Trelagliptin (trade name Zafatek) is a pharmaceutical drug used for the treatment of type 2 diabetes (diabetes mellitus).

Indications  
It is a highly selective dipeptidyl peptidase-4 inhibitor that is typically used as an add on treatment when the first line treatment of metformin is not achieving the expected glycemic goals; though it has been approved for use as a first line treatment when metformin cannot be used.

Biochemistry 
DPP-4 inhibitors activate T-cells and are more commonly known as T-cell activation antigens (specifically CD26). Chemically, it is a fluorinated derivative of alogliptin.

Development 
Formulated as the salt trelagliptin succinate, it was approved for use in Japan in March 2015. Takeda, the company that developed trelagliptin, chose to not get approval for the drug in the US and EU. The licensing rights that Takeda purchased from Furiex Pharmaceuticals for DPP-4 inhibitors included a clause specific to development of this drug in the US and EU. The clause required that all services done for phase II and phase III clinical studies in the US and EU be purchased through Furiex.
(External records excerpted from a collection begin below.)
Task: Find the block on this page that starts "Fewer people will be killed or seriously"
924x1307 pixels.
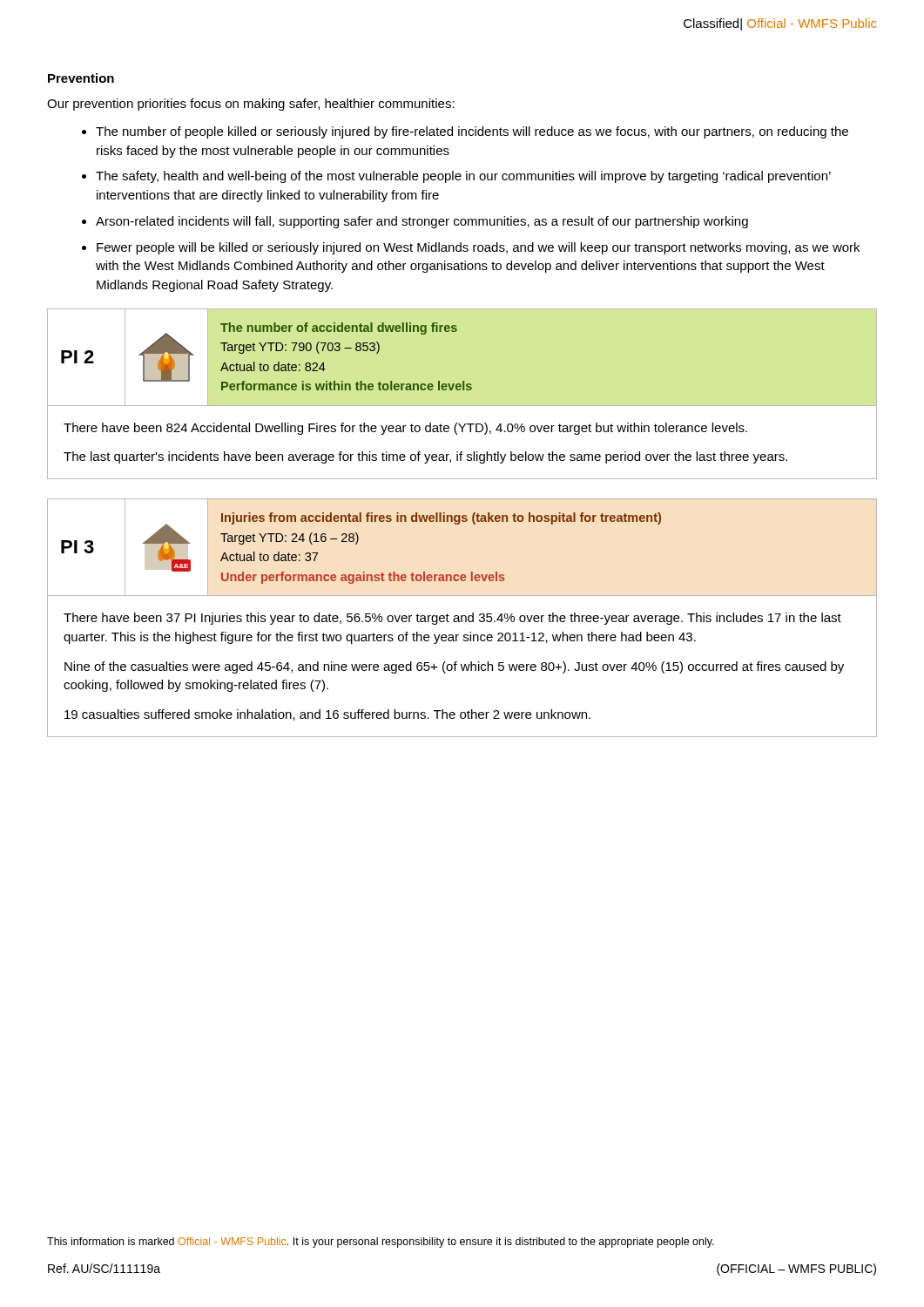Action: click(478, 266)
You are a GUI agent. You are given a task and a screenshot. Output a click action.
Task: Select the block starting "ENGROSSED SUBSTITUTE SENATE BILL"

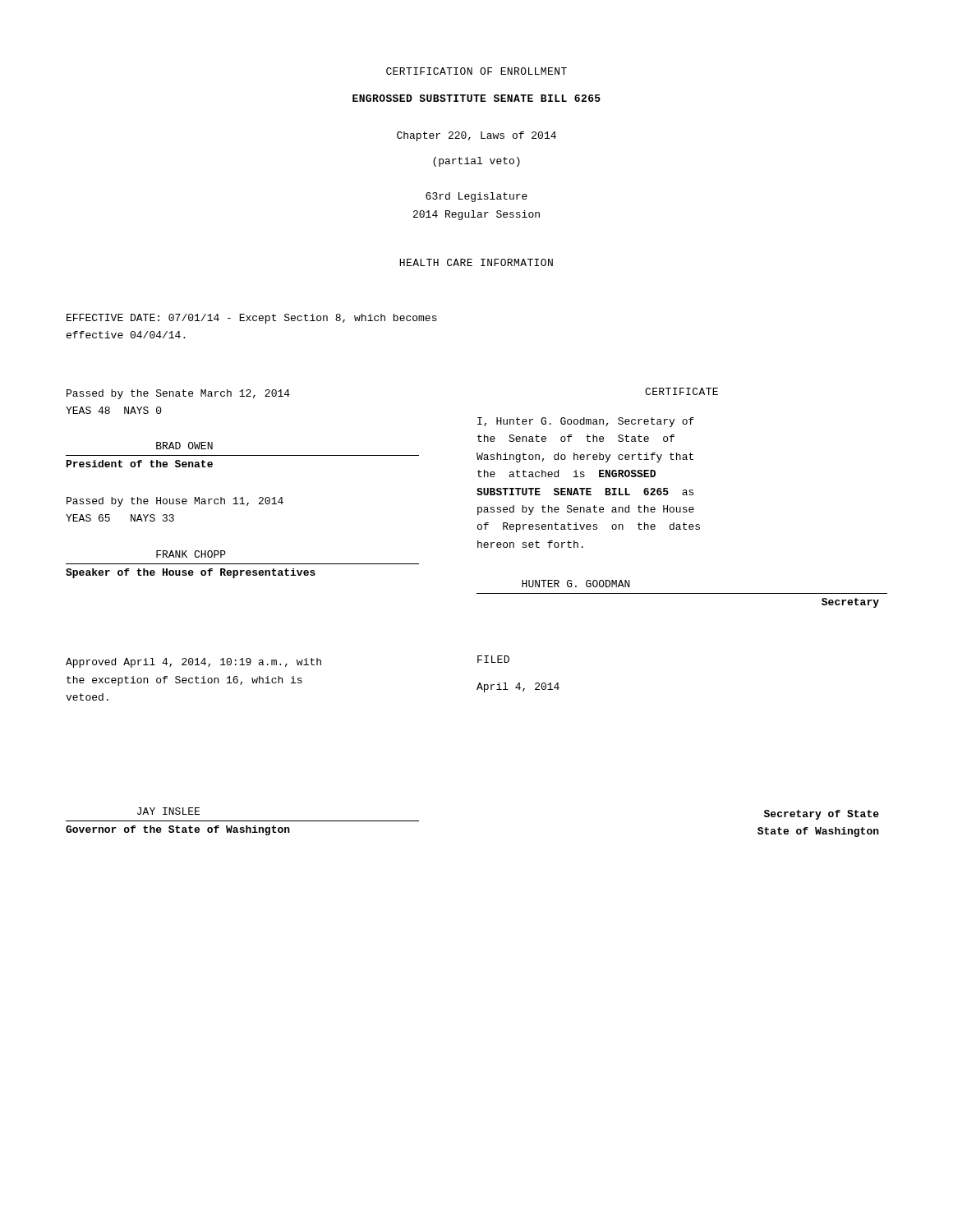click(x=476, y=99)

Takeda chose to cease development of this drug in the US and EU because of the high costs quoted by Furiex for these services. Gliptins have been on the market since 2006 and there are 8 gliptins currently registered as drugs (worldwide). Gliptins are an emerging market and are thus being developed at an increasing rate; there are currently two gliptins in advanced stages of development that are expected to be on the market in the coming year.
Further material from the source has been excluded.